* Work required
When you reach the line with "Answer as plain" in the records below, begin transcribing exactly and continue up to and including the line with "Order: by centre depth, near to far.", leaving out every picture.

Records drawn from a dataset:
● ● ● ●
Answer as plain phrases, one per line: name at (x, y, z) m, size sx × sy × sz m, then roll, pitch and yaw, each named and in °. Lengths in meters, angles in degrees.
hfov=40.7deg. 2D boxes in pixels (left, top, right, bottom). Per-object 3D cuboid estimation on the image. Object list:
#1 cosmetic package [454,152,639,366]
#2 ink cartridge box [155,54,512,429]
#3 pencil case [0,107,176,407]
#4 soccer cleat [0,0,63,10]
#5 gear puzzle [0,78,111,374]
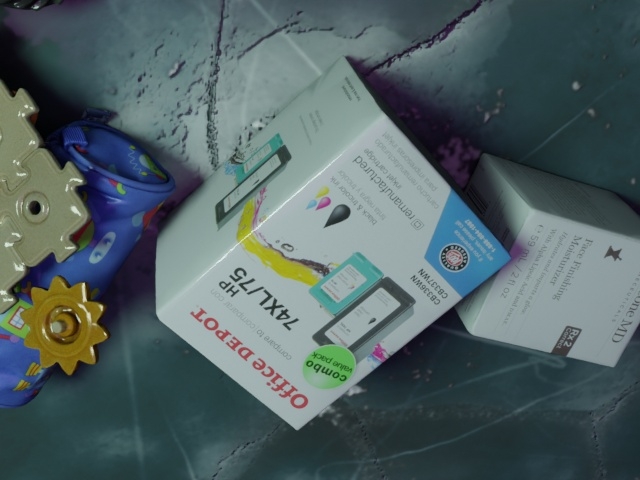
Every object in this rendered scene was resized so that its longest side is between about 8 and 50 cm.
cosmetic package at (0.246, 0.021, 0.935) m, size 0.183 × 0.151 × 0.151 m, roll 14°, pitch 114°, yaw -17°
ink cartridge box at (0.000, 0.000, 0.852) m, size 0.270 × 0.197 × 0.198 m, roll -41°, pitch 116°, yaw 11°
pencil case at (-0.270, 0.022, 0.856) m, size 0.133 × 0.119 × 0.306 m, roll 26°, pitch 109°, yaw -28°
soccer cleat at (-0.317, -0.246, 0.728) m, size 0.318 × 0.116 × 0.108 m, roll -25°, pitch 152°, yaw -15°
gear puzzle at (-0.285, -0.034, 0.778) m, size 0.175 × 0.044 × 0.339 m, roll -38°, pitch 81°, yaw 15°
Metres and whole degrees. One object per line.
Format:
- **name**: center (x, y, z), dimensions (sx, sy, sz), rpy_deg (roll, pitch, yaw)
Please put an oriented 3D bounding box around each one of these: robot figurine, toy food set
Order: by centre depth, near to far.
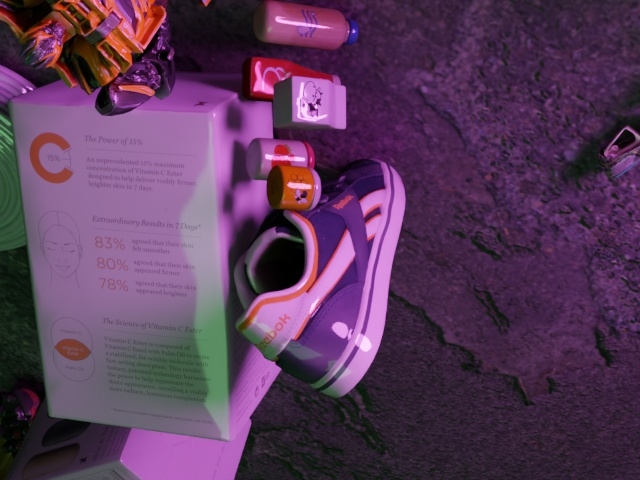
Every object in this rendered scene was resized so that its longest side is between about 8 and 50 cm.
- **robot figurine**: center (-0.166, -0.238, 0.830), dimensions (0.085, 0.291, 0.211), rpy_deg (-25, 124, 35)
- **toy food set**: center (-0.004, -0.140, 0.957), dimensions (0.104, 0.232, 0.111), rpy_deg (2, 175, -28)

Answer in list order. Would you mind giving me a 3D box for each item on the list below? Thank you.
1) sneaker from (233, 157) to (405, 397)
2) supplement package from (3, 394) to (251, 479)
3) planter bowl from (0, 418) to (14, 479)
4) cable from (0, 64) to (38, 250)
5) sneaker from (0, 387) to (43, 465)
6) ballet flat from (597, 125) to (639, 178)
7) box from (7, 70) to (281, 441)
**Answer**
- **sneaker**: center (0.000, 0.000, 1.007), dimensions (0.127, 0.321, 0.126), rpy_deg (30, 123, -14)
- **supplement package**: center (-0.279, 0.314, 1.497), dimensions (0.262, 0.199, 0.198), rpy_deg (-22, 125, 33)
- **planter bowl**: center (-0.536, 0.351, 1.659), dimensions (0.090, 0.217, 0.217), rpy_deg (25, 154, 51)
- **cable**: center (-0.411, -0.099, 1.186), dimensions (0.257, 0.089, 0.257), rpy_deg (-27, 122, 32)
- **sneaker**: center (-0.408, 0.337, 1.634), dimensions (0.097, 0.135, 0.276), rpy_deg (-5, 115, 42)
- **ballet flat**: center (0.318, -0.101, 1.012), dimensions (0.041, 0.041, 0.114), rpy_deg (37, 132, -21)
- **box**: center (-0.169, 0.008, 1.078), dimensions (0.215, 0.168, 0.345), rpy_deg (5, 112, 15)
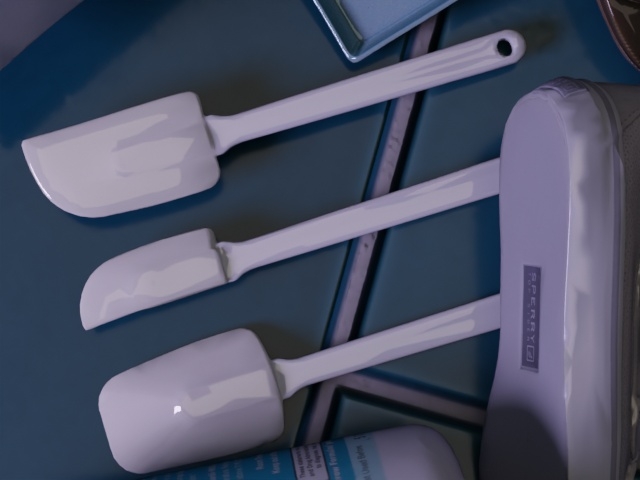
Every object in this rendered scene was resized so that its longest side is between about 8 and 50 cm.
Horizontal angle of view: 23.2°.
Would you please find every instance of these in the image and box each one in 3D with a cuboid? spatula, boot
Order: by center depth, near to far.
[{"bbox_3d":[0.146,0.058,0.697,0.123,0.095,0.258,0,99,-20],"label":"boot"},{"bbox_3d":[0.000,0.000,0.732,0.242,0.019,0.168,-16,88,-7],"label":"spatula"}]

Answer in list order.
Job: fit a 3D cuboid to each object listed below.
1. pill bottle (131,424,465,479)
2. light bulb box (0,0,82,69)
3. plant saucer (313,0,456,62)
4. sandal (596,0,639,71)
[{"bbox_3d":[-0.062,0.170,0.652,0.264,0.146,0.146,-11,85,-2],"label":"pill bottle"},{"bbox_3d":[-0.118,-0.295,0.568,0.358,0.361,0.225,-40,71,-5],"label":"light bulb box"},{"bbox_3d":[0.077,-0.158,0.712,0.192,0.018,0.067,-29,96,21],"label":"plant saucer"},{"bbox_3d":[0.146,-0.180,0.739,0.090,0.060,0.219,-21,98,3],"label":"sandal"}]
● ● ● ●
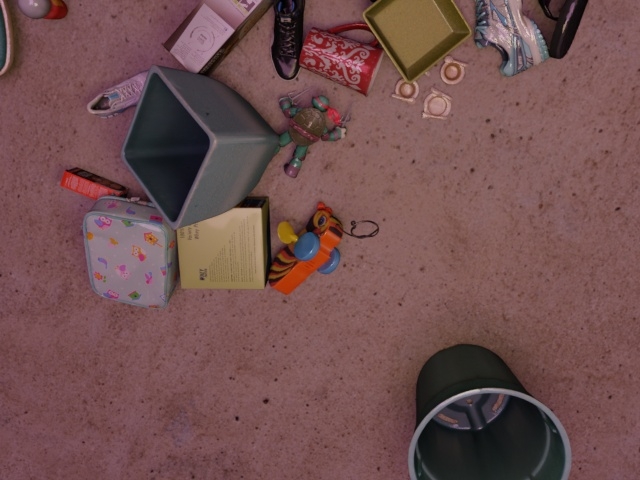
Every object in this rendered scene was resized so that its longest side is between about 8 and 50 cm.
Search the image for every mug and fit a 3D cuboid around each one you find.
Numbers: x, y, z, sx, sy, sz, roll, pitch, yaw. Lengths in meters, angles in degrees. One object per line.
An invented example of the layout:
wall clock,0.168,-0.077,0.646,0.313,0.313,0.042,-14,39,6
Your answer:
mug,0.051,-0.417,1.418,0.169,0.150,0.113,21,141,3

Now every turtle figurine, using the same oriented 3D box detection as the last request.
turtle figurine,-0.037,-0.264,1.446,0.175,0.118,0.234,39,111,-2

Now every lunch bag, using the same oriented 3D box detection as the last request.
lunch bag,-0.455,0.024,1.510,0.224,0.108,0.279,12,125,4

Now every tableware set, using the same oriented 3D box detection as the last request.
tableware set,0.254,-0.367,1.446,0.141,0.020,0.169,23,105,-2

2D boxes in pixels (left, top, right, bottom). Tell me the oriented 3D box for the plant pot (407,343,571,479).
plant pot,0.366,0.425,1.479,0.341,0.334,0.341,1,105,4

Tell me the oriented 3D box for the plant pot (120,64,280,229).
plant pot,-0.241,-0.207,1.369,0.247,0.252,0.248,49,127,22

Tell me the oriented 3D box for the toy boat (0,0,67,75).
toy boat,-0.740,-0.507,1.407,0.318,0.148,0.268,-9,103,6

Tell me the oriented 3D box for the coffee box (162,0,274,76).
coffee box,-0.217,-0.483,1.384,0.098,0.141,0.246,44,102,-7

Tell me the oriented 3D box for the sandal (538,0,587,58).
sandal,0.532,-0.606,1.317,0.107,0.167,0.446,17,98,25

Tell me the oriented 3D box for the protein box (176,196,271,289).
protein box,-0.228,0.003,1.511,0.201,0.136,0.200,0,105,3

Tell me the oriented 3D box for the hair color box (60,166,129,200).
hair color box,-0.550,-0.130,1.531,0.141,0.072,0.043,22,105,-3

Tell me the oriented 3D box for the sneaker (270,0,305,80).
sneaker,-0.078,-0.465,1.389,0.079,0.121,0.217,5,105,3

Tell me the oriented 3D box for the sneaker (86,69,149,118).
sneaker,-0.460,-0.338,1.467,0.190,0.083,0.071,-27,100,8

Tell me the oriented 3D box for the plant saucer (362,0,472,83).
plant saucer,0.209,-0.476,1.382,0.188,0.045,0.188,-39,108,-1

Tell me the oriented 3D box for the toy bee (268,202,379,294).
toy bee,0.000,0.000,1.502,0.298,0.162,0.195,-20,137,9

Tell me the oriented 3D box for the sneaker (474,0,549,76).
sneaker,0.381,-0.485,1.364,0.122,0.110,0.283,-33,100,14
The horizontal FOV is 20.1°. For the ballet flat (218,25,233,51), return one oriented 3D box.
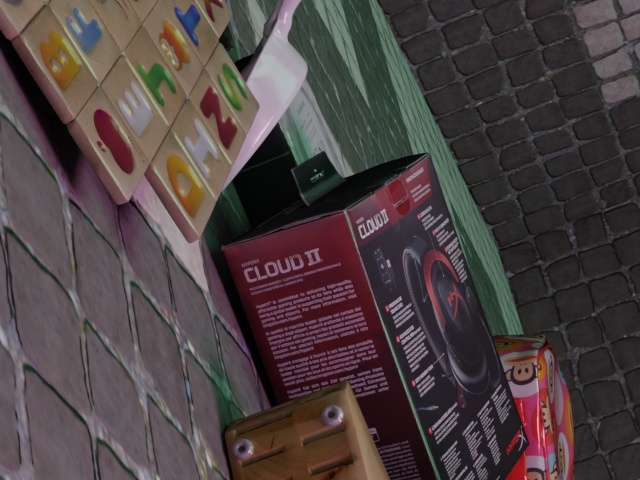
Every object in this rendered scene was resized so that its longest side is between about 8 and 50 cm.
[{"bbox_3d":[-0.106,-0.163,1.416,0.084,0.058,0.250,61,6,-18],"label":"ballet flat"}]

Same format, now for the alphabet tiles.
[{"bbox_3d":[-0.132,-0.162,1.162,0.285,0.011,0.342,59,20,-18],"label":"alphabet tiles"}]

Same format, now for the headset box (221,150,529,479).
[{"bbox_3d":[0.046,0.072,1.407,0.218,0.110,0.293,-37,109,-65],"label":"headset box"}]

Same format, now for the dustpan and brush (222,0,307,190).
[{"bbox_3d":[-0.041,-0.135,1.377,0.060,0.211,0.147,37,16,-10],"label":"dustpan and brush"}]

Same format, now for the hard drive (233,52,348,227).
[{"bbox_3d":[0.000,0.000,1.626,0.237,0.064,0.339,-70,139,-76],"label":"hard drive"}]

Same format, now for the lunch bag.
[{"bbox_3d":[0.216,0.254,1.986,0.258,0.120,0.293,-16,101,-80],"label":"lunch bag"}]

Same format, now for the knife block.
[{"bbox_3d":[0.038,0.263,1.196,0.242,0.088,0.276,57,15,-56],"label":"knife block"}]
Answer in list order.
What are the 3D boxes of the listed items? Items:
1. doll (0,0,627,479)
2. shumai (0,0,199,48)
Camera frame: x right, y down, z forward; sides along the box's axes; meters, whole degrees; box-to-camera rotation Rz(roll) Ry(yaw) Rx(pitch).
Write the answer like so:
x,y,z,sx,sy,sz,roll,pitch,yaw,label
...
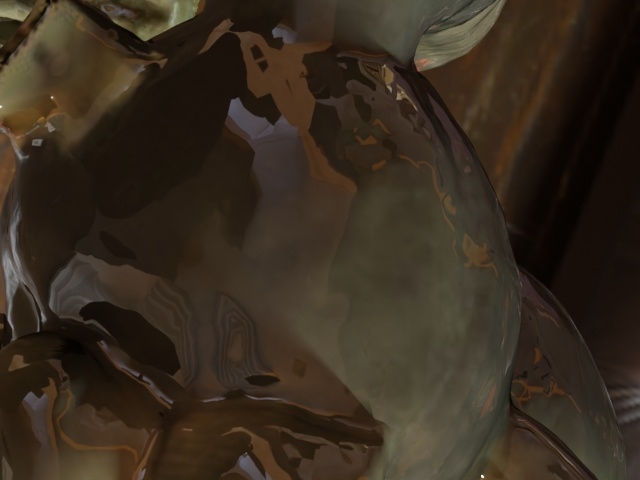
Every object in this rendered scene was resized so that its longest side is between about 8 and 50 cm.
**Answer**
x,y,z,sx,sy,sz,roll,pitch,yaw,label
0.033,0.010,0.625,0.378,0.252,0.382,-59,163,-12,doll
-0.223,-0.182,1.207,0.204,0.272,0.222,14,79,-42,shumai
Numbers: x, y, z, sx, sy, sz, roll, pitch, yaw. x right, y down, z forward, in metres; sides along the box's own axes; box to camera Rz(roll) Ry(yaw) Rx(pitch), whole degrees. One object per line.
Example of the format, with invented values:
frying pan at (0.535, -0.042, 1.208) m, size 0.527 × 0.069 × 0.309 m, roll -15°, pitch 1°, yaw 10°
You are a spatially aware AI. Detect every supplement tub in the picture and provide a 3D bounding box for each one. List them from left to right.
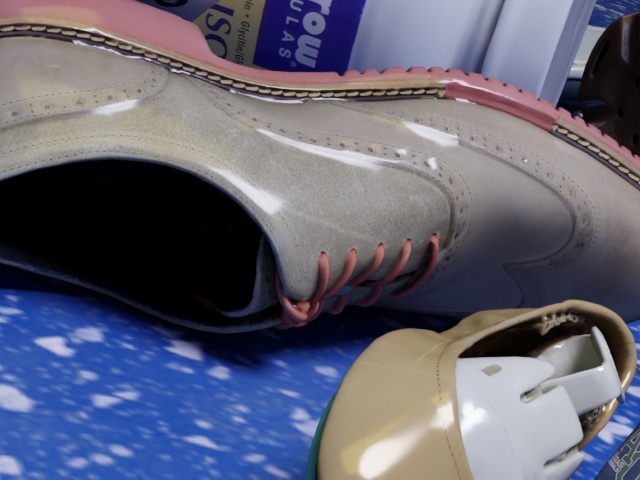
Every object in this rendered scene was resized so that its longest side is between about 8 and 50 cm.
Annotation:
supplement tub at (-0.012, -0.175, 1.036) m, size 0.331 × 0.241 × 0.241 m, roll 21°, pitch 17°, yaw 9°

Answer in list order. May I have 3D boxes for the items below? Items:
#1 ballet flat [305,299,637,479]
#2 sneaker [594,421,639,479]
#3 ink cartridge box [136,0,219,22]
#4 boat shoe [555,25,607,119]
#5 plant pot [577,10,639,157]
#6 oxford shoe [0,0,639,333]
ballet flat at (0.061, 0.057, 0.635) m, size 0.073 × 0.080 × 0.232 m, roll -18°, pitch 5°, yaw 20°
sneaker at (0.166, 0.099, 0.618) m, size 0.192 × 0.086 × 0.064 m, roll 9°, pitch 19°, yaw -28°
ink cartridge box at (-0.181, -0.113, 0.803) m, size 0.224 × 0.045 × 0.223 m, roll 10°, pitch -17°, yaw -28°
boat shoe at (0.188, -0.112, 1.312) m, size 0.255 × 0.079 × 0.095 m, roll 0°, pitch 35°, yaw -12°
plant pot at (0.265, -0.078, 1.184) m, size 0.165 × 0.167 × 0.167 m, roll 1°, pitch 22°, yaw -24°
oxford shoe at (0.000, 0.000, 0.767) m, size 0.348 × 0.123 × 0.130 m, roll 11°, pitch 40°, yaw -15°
● ● ● ●
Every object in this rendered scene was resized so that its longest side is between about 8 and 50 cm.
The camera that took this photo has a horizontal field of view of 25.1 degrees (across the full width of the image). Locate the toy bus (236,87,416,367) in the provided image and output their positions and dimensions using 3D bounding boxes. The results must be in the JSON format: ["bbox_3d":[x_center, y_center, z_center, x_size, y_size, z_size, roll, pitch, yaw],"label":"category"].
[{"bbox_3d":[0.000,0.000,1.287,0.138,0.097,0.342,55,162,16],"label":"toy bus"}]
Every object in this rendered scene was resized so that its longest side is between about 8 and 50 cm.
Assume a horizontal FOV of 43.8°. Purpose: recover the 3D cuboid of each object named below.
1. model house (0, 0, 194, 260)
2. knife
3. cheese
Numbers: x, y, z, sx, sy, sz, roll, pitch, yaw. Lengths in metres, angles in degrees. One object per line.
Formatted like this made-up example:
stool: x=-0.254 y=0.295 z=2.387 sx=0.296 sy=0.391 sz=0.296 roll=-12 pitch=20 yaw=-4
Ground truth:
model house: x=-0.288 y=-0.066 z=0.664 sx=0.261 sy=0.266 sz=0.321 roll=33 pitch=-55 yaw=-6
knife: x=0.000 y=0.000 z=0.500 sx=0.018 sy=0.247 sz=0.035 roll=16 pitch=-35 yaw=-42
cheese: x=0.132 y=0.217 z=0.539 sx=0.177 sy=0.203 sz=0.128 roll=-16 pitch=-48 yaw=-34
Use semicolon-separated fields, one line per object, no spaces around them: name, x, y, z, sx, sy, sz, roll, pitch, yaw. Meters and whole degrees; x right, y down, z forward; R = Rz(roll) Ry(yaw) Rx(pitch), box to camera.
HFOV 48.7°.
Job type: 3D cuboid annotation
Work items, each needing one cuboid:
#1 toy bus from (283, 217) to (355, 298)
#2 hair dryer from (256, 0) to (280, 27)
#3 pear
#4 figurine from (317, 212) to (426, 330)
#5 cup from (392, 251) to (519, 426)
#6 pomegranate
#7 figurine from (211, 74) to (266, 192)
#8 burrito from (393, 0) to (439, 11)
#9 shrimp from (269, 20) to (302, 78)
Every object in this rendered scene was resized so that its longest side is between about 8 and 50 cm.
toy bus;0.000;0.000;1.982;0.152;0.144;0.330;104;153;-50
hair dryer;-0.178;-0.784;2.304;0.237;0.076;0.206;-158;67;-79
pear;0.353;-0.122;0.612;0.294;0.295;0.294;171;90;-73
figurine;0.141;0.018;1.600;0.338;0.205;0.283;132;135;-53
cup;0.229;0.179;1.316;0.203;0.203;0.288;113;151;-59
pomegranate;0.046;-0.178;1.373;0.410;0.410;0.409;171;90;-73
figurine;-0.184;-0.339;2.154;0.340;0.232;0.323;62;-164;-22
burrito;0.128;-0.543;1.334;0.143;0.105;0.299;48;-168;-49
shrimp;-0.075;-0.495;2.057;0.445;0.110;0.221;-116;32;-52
● ● ● ●
* Output for this exercise
Answer as plain phrases, one per line: name at (x, y, z) m, size sx × sy × sz m, then roll, pitch and yaw, each named and in °. Lengths in meters, angles in degrees.
hfov=40.7deg. 2D boxes in pixels (left, top, right, bottom). Per-object 3D cuboid estimation on the image. Object list:
#1 cosmetic package [454,152,639,366]
#2 ink cartridge box [155,54,512,429]
#3 pencil case [0,107,176,407]
#4 soccer cleat [0,0,63,10]
#5 gear puzzle [0,78,111,374]
Every object in this rendered scene was resized so that its longest side is between about 8 and 50 cm.
cosmetic package at (0.246, 0.021, 0.935) m, size 0.183 × 0.151 × 0.151 m, roll 14°, pitch 114°, yaw -17°
ink cartridge box at (0.000, 0.000, 0.852) m, size 0.270 × 0.197 × 0.198 m, roll -41°, pitch 116°, yaw 11°
pencil case at (-0.270, 0.022, 0.856) m, size 0.133 × 0.119 × 0.306 m, roll 26°, pitch 109°, yaw -28°
soccer cleat at (-0.317, -0.246, 0.728) m, size 0.318 × 0.116 × 0.108 m, roll -25°, pitch 152°, yaw -15°
gear puzzle at (-0.285, -0.034, 0.778) m, size 0.175 × 0.044 × 0.339 m, roll -38°, pitch 81°, yaw 15°
Metres and whole degrees. One object per line.
Format:
- **name**: center (x, y, z), dimensions (sx, sy, sz), rpy_deg (roll, pitch, yaw)
Please put an oriented 3D bounding box around each one of these: robot figurine, toy food set
Order: by centre depth, near to far.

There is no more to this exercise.